(Bloomberg) -- The triumphant comeback of quant-investing strategies on Wall Street is suddenly on shaky ground as virtually all of 2022’s hottest market trends get derailed in the new year.
Investors have been rushing to price an end to monetary tightening and a potential soft landing for the US economy, defying hawkish messages from the Federal Reserve. All that has revived megacap tech stocks and curbed broad-based gains in equity benchmarks.
That’s exactly the type of environment that works against many systematic strategies, which tend to benefit from wider dispersion in stock performance or which surf enduring price trends. The cohort had been enjoying a banner two years as inflation and surging borrowing costs fueled strong cross-market currents and finally ended the dominance of giant tech shares.
Now, a typical portfolio that slices and dices the equity landscape by factors like how cheap companies trade has lost money for four straight weeks, according to a Bloomberg-GSAM index, the worst streak since 2019. A gauge of alternative risk premia — factors across asset classes — is on the worst run since 2020.
Thank a fickle market that’s been rising or retreating on every word of central bankers — like Tuesday, when dovish comments from Fed Chair Jerome Powell triggered a rally that quickly flipped when he turned more hawkish.
Meanwhile, Commodity Trading Advisors, which surf price trends by trading futures, have gone nowhere in the past few months, even as they finished their best annual performance since at least 2000.
Early evidence suggests shifting risk appetite is taking a toll on appetite for quant strategies. Smart-beta equity ETFs — which typically offer long-only versions of factors — posted outflows of about $4.8 billion in January. The sector is just one part of the quant world, but that was the largest monthly exit in at least four years. Meanwhile, a CTA-mimicking fund that was one of the most in-demand ETFs of 2022 is seeing mounting outflows.
“There have been a lot of tourists,” said Nicolas Rabener, founder of financial research firm Finominal. “Not all those folks who have allocated believe or understand the role of those strategies.”
These performance-chasing investors are likely calculating that if the Federal Reserve can tame inflation without triggering a US recession, it flips the outlook for rules-based strategies that have ridden the powerful trends of the past two years.
While a few smart-beta styles — like growth — could actually benefit in the new regime, most thrived when the giant tech stocks weren’t dominating market performance. Factor investing enjoyed the best year in a decade in 2022, according to Finominal, as approaches including value, quality, low volatility and momentum all advanced while broad equity indexes fell.
The potential revival of megacap tech stocks is bad news because many of these factors are effectively betting against those names as part of their long-short portfolios.

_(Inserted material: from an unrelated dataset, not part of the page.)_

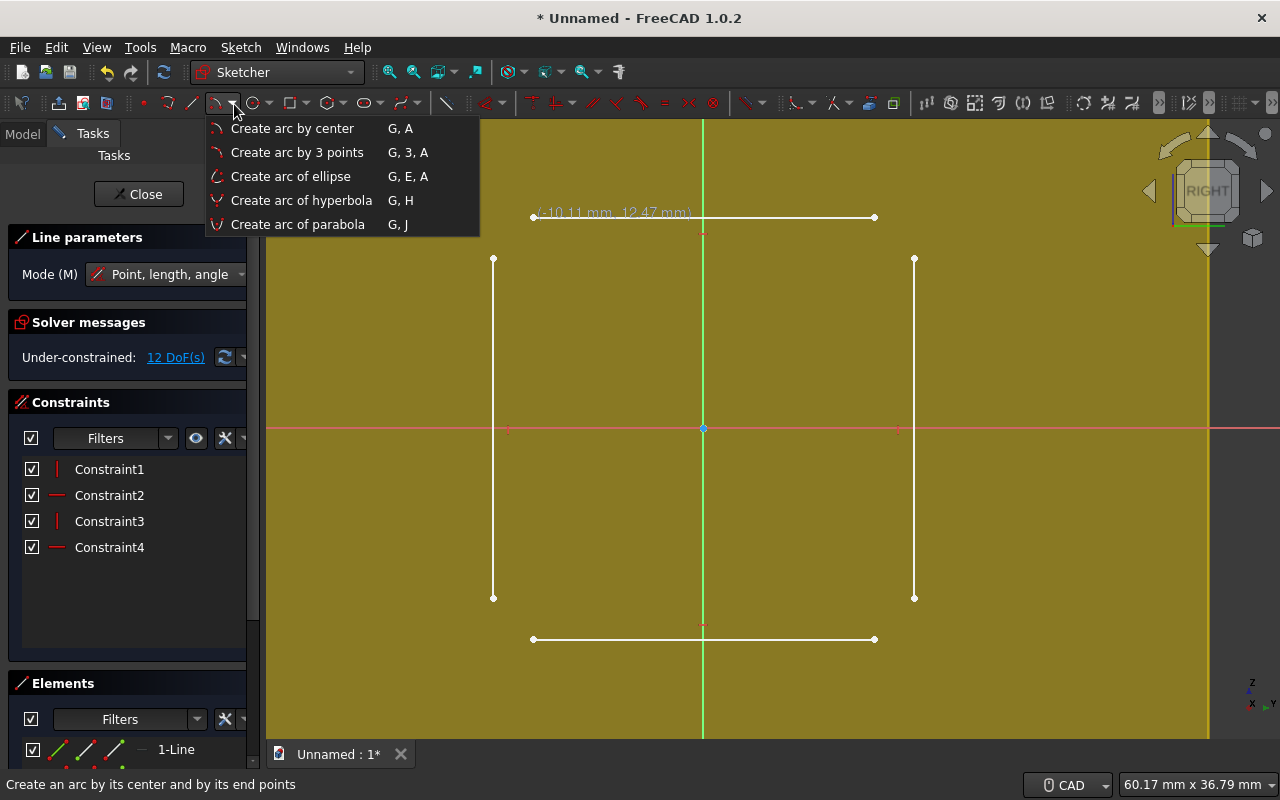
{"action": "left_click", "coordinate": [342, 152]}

Even in smart-beta ETFs, which don’t have a short component, funds suffer because they’re under-exposed on the long side.
At Seven Investment Management LLP, the team in recent months has been cutting their overweights on value and small-caps.
“Everything feels more balanced than it did a year or so ago — valuations in bonds, equity markets in general and especially the parts of the market like tech that were more pronounced as outliers,” said Matthew Yeates, deputy chief investment officer at Seven, which oversees about £19 billion ($23 billion).
There’s no guarantee the widespread reversal of last year’s market trends will endure. Broad stock gauges slumped late last week when US employment data came in hotter-than-expected, giving the Fed a green light to keep policy tight.
Higher yields, a weaker economy or a combination of the two could quickly see the trends of 2022 return to the market.
Those helped power a 27% surge for a Societe Generale SA index of trend-following CTAs last year. Touting an easy-access version of a CTA strategy, the iM DBi Managed Futures Strategy ETF (ticker DBMF), exploded from $60 million in assets at the start of 2022 to around $1 billion in October.
But CTAs largely stumbled in November with the index falling 6%. DBMF lost 8.8%, and the fund posted outflows in December and January.
“Most of the investors have always viewed DBMF as a long-term allocation, but whenever you have something that is up as much as this ETF was you also get a lot of hot money,” said Andrew Beer, founder of Dynamic Beta Investments and co-manager of DBMF. “The reality is people chase performance. If you want to have successful allocation to managed futures as a strategy you shouldn’t be thinking about what happened over the last three months but what is going to happen over the next years.”